> _EXERCISE OBJECTIVE_:
After finding the line that includes "table_cell [348, 178, 1122, 230]" in the records below, transcribe it and each line after it through the last, exactly, and add nothing.

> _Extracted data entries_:
_ _ _ _ _ _ _
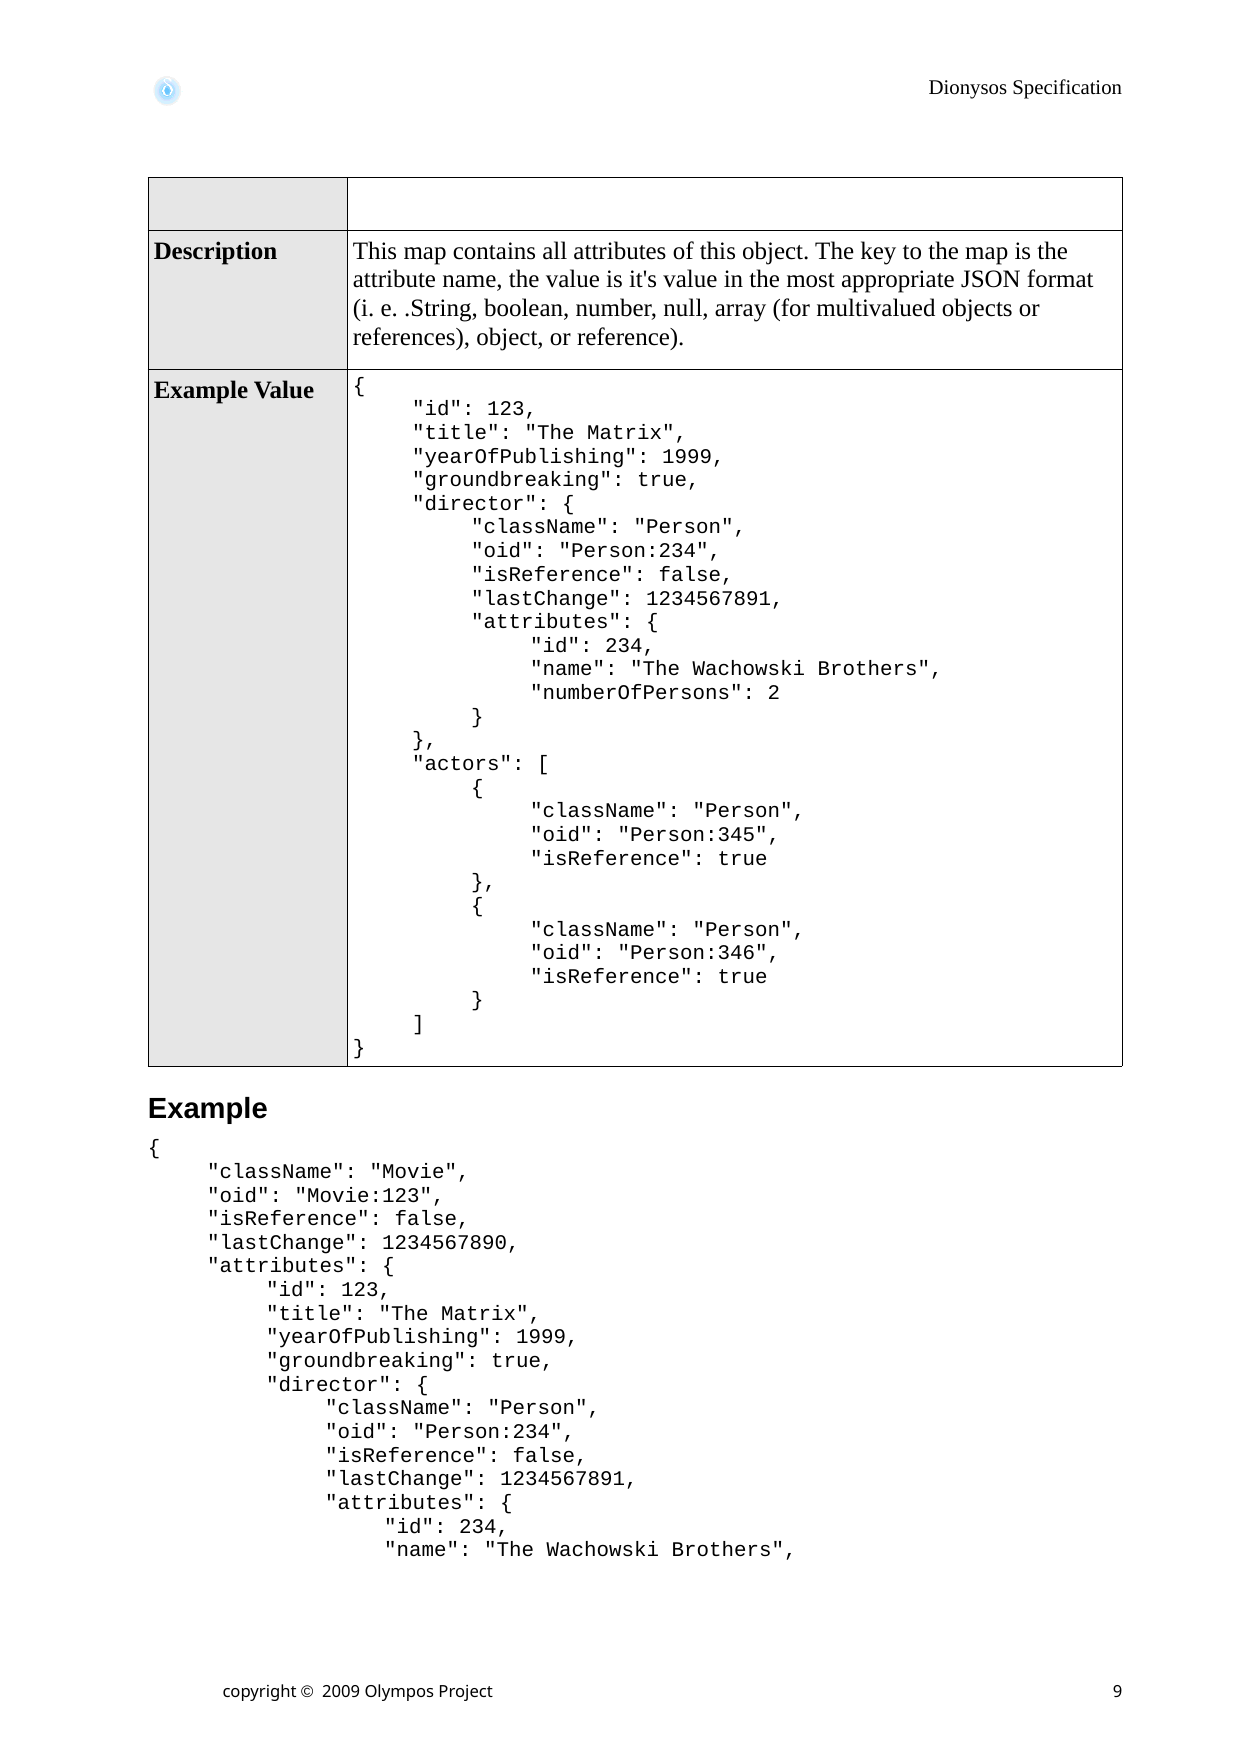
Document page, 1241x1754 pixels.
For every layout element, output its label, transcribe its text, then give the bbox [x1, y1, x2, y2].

table_cell This map contains all attributes of this object. The key to the map is the attribute name, the value is it's value in the most appropriate JSON format (i. e. .String, boolean, number, null, array (for multivalued objects or references), object, or reference). [348, 231, 1122, 369]
text "name": "The Wachowski Brothers", [148, 1539, 1122, 1563]
text "oid": "Person:234", [148, 1421, 1122, 1445]
picture [152, 75, 184, 106]
text "title": "The Matrix", [148, 1303, 1122, 1326]
table_cell [149, 178, 347, 230]
text "className": "Movie", [148, 1161, 1122, 1184]
text "className": "Person", [148, 1397, 1122, 1421]
text "oid": "Movie:123", [148, 1184, 1122, 1208]
text "yearOfPublishing": 1999, [148, 1326, 1122, 1350]
text "lastChange": 1234567890, [148, 1232, 1122, 1256]
text "lastChange": 1234567891, [148, 1468, 1122, 1492]
table_cell Description [149, 231, 347, 369]
table_cell [348, 178, 1122, 230]
text "isReference": false, [148, 1208, 1122, 1232]
text "attributes": { [148, 1256, 1122, 1279]
text "groundbreaking": true, [148, 1350, 1122, 1374]
text "id": 234, [148, 1516, 1122, 1539]
text "id": 123, [148, 1279, 1122, 1303]
text "isReference": false, [148, 1445, 1122, 1468]
text { [148, 1137, 1122, 1161]
table_cell { "id": 123, "title": "The Matrix", "yearOfPublishing": 1999, "groundbreaking": true, "director": { "className": "Person", "oid": "Person:234", "isReference": false, "lastChange": 1234567891, "attributes": { "id": 234, "name": "The Wachowski Brothers", "numberOfPersons": 2 } }, "actors": [ { "className": "Person", "oid": "Person:345", "isReference": true }, { "className": "Person", "oid": "Person:346", "isReference": true } ] } [348, 370, 1122, 1066]
text "attributes": { [148, 1492, 1122, 1516]
text "director": { [148, 1374, 1122, 1397]
table_cell Example Value [149, 370, 347, 1066]
text Example [148, 1091, 1122, 1125]
_ _ _ _ _ _ _
> _WRITTEN REPLY_:
table_cell [348, 178, 1122, 230]
text "isReference": false, [148, 1208, 1122, 1232]
text "attributes": { [148, 1256, 1122, 1279]
text "groundbreaking": true, [148, 1350, 1122, 1374]
text "id": 234, [148, 1516, 1122, 1539]
text "id": 123, [148, 1279, 1122, 1303]
text "isReference": false, [148, 1445, 1122, 1468]
text { [148, 1137, 1122, 1161]
table_cell { "id": 123, "title": "The Matrix", "yearOfPublishing": 1999, "groundbreaking": true, "director": { "className": "Person", "oid": "Person:234", "isReference": false, "lastChange": 1234567891, "attributes": { "id": 234, "name": "The Wachowski Brothers", "numberOfPersons": 2 } }, "actors": [ { "className": "Person", "oid": "Person:345", "isReference": true }, { "className": "Person", "oid": "Person:346", "isReference": true } ] } [348, 370, 1122, 1066]
text "attributes": { [148, 1492, 1122, 1516]
text "director": { [148, 1374, 1122, 1397]
table_cell Example Value [149, 370, 347, 1066]
text Example [148, 1091, 1122, 1125]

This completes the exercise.